*WORK INSTRUCTIONS:* Starting at the line with "Provide a succinct answer. 2." and going on through the line with "Provide a succinct answer. No.", reproduce each line in the records below exactly and nothing more.

DATA EXTRACTS Start Marker

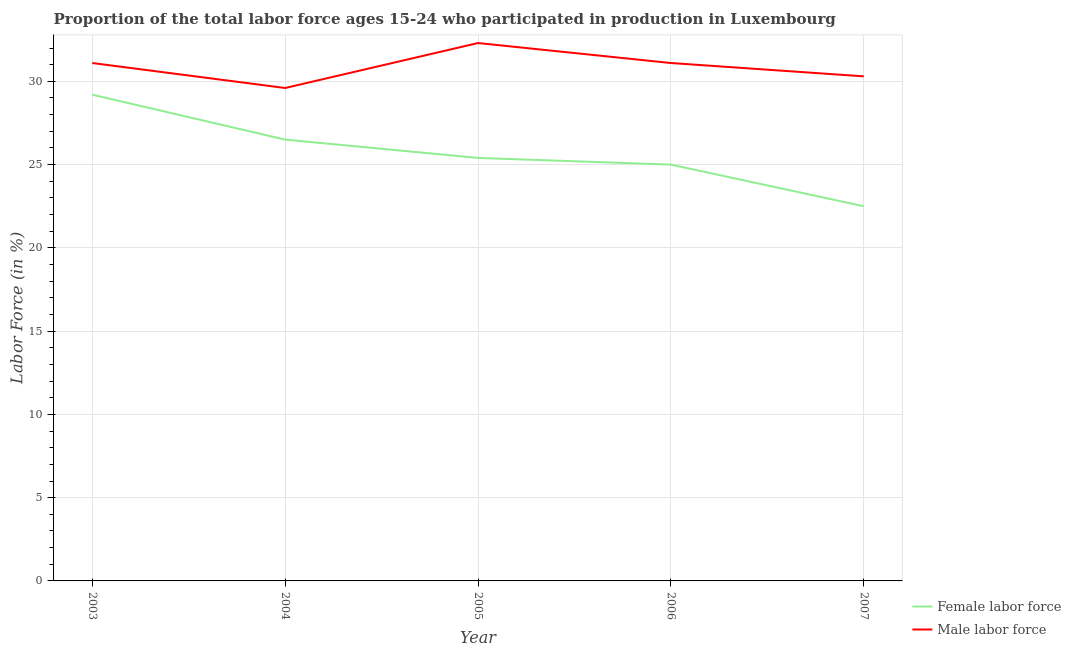How many different coloured lines are there?
Provide a succinct answer. 2. What is the percentage of female labor force in 2005?
Your answer should be very brief. 25.4. Across all years, what is the maximum percentage of female labor force?
Make the answer very short. 29.2. Across all years, what is the minimum percentage of male labour force?
Ensure brevity in your answer.  29.6. In which year was the percentage of male labour force maximum?
Provide a short and direct response. 2005. What is the total percentage of male labour force in the graph?
Offer a terse response. 154.4. What is the difference between the percentage of female labor force in 2005 and that in 2006?
Your answer should be very brief. 0.4. What is the difference between the percentage of male labour force in 2004 and the percentage of female labor force in 2003?
Ensure brevity in your answer.  0.4. What is the average percentage of male labour force per year?
Your response must be concise. 30.88. In the year 2007, what is the difference between the percentage of female labor force and percentage of male labour force?
Your answer should be very brief. -7.8. What is the ratio of the percentage of female labor force in 2005 to that in 2007?
Your response must be concise. 1.13. Is the difference between the percentage of male labour force in 2006 and 2007 greater than the difference between the percentage of female labor force in 2006 and 2007?
Provide a succinct answer. No. What is the difference between the highest and the second highest percentage of female labor force?
Offer a terse response. 2.7. What is the difference between the highest and the lowest percentage of female labor force?
Ensure brevity in your answer.  6.7. Is the sum of the percentage of male labour force in 2004 and 2006 greater than the maximum percentage of female labor force across all years?
Provide a succinct answer. Yes. Does the percentage of male labour force monotonically increase over the years?
Make the answer very short. No. How many years are there in the graph?
Keep it short and to the point. 5. What is the difference between two consecutive major ticks on the Y-axis?
Offer a very short reply. 5. Does the graph contain any zero values?
Offer a very short reply. No. Does the graph contain grids?
Your response must be concise. Yes. Where does the legend appear in the graph?
Offer a terse response. Bottom right. How many legend labels are there?
Your answer should be compact. 2. How are the legend labels stacked?
Your answer should be compact. Vertical. What is the title of the graph?
Your answer should be very brief. Proportion of the total labor force ages 15-24 who participated in production in Luxembourg. Does "Working capital" appear as one of the legend labels in the graph?
Offer a very short reply. No. What is the label or title of the Y-axis?
Offer a very short reply. Labor Force (in %). What is the Labor Force (in %) in Female labor force in 2003?
Make the answer very short. 29.2. What is the Labor Force (in %) in Male labor force in 2003?
Your answer should be very brief. 31.1. What is the Labor Force (in %) in Female labor force in 2004?
Give a very brief answer. 26.5. What is the Labor Force (in %) in Male labor force in 2004?
Keep it short and to the point. 29.6. What is the Labor Force (in %) of Female labor force in 2005?
Provide a succinct answer. 25.4. What is the Labor Force (in %) in Male labor force in 2005?
Keep it short and to the point. 32.3. What is the Labor Force (in %) of Female labor force in 2006?
Ensure brevity in your answer.  25. What is the Labor Force (in %) in Male labor force in 2006?
Provide a short and direct response. 31.1. What is the Labor Force (in %) of Female labor force in 2007?
Give a very brief answer. 22.5. What is the Labor Force (in %) of Male labor force in 2007?
Your answer should be compact. 30.3. Across all years, what is the maximum Labor Force (in %) of Female labor force?
Keep it short and to the point. 29.2. Across all years, what is the maximum Labor Force (in %) in Male labor force?
Make the answer very short. 32.3. Across all years, what is the minimum Labor Force (in %) of Female labor force?
Your response must be concise. 22.5. Across all years, what is the minimum Labor Force (in %) of Male labor force?
Make the answer very short. 29.6. What is the total Labor Force (in %) of Female labor force in the graph?
Your answer should be very brief. 128.6. What is the total Labor Force (in %) in Male labor force in the graph?
Offer a very short reply. 154.4. What is the difference between the Labor Force (in %) in Female labor force in 2003 and that in 2004?
Keep it short and to the point. 2.7. What is the difference between the Labor Force (in %) of Male labor force in 2003 and that in 2004?
Offer a very short reply. 1.5. What is the difference between the Labor Force (in %) of Male labor force in 2003 and that in 2005?
Make the answer very short. -1.2. What is the difference between the Labor Force (in %) in Female labor force in 2003 and that in 2006?
Keep it short and to the point. 4.2. What is the difference between the Labor Force (in %) in Male labor force in 2003 and that in 2007?
Your answer should be very brief. 0.8. What is the difference between the Labor Force (in %) of Female labor force in 2004 and that in 2005?
Offer a very short reply. 1.1. What is the difference between the Labor Force (in %) of Male labor force in 2004 and that in 2005?
Keep it short and to the point. -2.7. What is the difference between the Labor Force (in %) of Male labor force in 2004 and that in 2006?
Give a very brief answer. -1.5. What is the difference between the Labor Force (in %) of Female labor force in 2005 and that in 2007?
Offer a very short reply. 2.9. What is the difference between the Labor Force (in %) in Female labor force in 2006 and that in 2007?
Ensure brevity in your answer.  2.5. What is the difference between the Labor Force (in %) of Male labor force in 2006 and that in 2007?
Provide a succinct answer. 0.8. What is the difference between the Labor Force (in %) in Female labor force in 2003 and the Labor Force (in %) in Male labor force in 2004?
Offer a very short reply. -0.4. What is the difference between the Labor Force (in %) of Female labor force in 2003 and the Labor Force (in %) of Male labor force in 2007?
Provide a succinct answer. -1.1. What is the difference between the Labor Force (in %) in Female labor force in 2004 and the Labor Force (in %) in Male labor force in 2005?
Make the answer very short. -5.8. What is the difference between the Labor Force (in %) of Female labor force in 2004 and the Labor Force (in %) of Male labor force in 2007?
Provide a succinct answer. -3.8. What is the difference between the Labor Force (in %) of Female labor force in 2005 and the Labor Force (in %) of Male labor force in 2007?
Offer a terse response. -4.9. What is the average Labor Force (in %) of Female labor force per year?
Offer a very short reply. 25.72. What is the average Labor Force (in %) of Male labor force per year?
Your answer should be very brief. 30.88. In the year 2004, what is the difference between the Labor Force (in %) of Female labor force and Labor Force (in %) of Male labor force?
Provide a short and direct response. -3.1. In the year 2005, what is the difference between the Labor Force (in %) in Female labor force and Labor Force (in %) in Male labor force?
Offer a terse response. -6.9. In the year 2006, what is the difference between the Labor Force (in %) in Female labor force and Labor Force (in %) in Male labor force?
Provide a succinct answer. -6.1. What is the ratio of the Labor Force (in %) of Female labor force in 2003 to that in 2004?
Ensure brevity in your answer.  1.1. What is the ratio of the Labor Force (in %) in Male labor force in 2003 to that in 2004?
Your answer should be very brief. 1.05. What is the ratio of the Labor Force (in %) in Female labor force in 2003 to that in 2005?
Your answer should be compact. 1.15. What is the ratio of the Labor Force (in %) of Male labor force in 2003 to that in 2005?
Make the answer very short. 0.96. What is the ratio of the Labor Force (in %) in Female labor force in 2003 to that in 2006?
Your answer should be very brief. 1.17. What is the ratio of the Labor Force (in %) in Male labor force in 2003 to that in 2006?
Provide a short and direct response. 1. What is the ratio of the Labor Force (in %) in Female labor force in 2003 to that in 2007?
Keep it short and to the point. 1.3. What is the ratio of the Labor Force (in %) of Male labor force in 2003 to that in 2007?
Your answer should be very brief. 1.03. What is the ratio of the Labor Force (in %) of Female labor force in 2004 to that in 2005?
Your response must be concise. 1.04. What is the ratio of the Labor Force (in %) of Male labor force in 2004 to that in 2005?
Ensure brevity in your answer.  0.92. What is the ratio of the Labor Force (in %) in Female labor force in 2004 to that in 2006?
Offer a very short reply. 1.06. What is the ratio of the Labor Force (in %) of Male labor force in 2004 to that in 2006?
Your answer should be compact. 0.95. What is the ratio of the Labor Force (in %) of Female labor force in 2004 to that in 2007?
Make the answer very short. 1.18. What is the ratio of the Labor Force (in %) in Male labor force in 2004 to that in 2007?
Offer a very short reply. 0.98. What is the ratio of the Labor Force (in %) in Female labor force in 2005 to that in 2006?
Your answer should be very brief. 1.02. What is the ratio of the Labor Force (in %) in Male labor force in 2005 to that in 2006?
Provide a short and direct response. 1.04. What is the ratio of the Labor Force (in %) in Female labor force in 2005 to that in 2007?
Offer a very short reply. 1.13. What is the ratio of the Labor Force (in %) in Male labor force in 2005 to that in 2007?
Provide a succinct answer. 1.07. What is the ratio of the Labor Force (in %) of Male labor force in 2006 to that in 2007?
Give a very brief answer. 1.03. What is the difference between the highest and the second highest Labor Force (in %) of Male labor force?
Provide a short and direct response. 1.2. What is the difference between the highest and the lowest Labor Force (in %) of Female labor force?
Offer a very short reply. 6.7. What is the difference between the highest and the lowest Labor Force (in %) in Male labor force?
Offer a terse response. 2.7.

DATA EXTRACTS End Marker

*WRITTEN ANSWER:*
Provide a succinct answer. 2. What is the percentage of female labor force in 2005?
Your answer should be very brief. 25.4. Across all years, what is the maximum percentage of female labor force?
Make the answer very short. 29.2. Across all years, what is the minimum percentage of male labour force?
Ensure brevity in your answer.  29.6. In which year was the percentage of male labour force maximum?
Provide a short and direct response. 2005. What is the total percentage of male labour force in the graph?
Offer a terse response. 154.4. What is the difference between the percentage of female labor force in 2005 and that in 2006?
Your answer should be very brief. 0.4. What is the difference between the percentage of male labour force in 2004 and the percentage of female labor force in 2003?
Ensure brevity in your answer.  0.4. What is the average percentage of male labour force per year?
Your response must be concise. 30.88. In the year 2007, what is the difference between the percentage of female labor force and percentage of male labour force?
Your answer should be very brief. -7.8. What is the ratio of the percentage of female labor force in 2005 to that in 2007?
Your response must be concise. 1.13. Is the difference between the percentage of male labour force in 2006 and 2007 greater than the difference between the percentage of female labor force in 2006 and 2007?
Provide a succinct answer. No. What is the difference between the highest and the second highest percentage of female labor force?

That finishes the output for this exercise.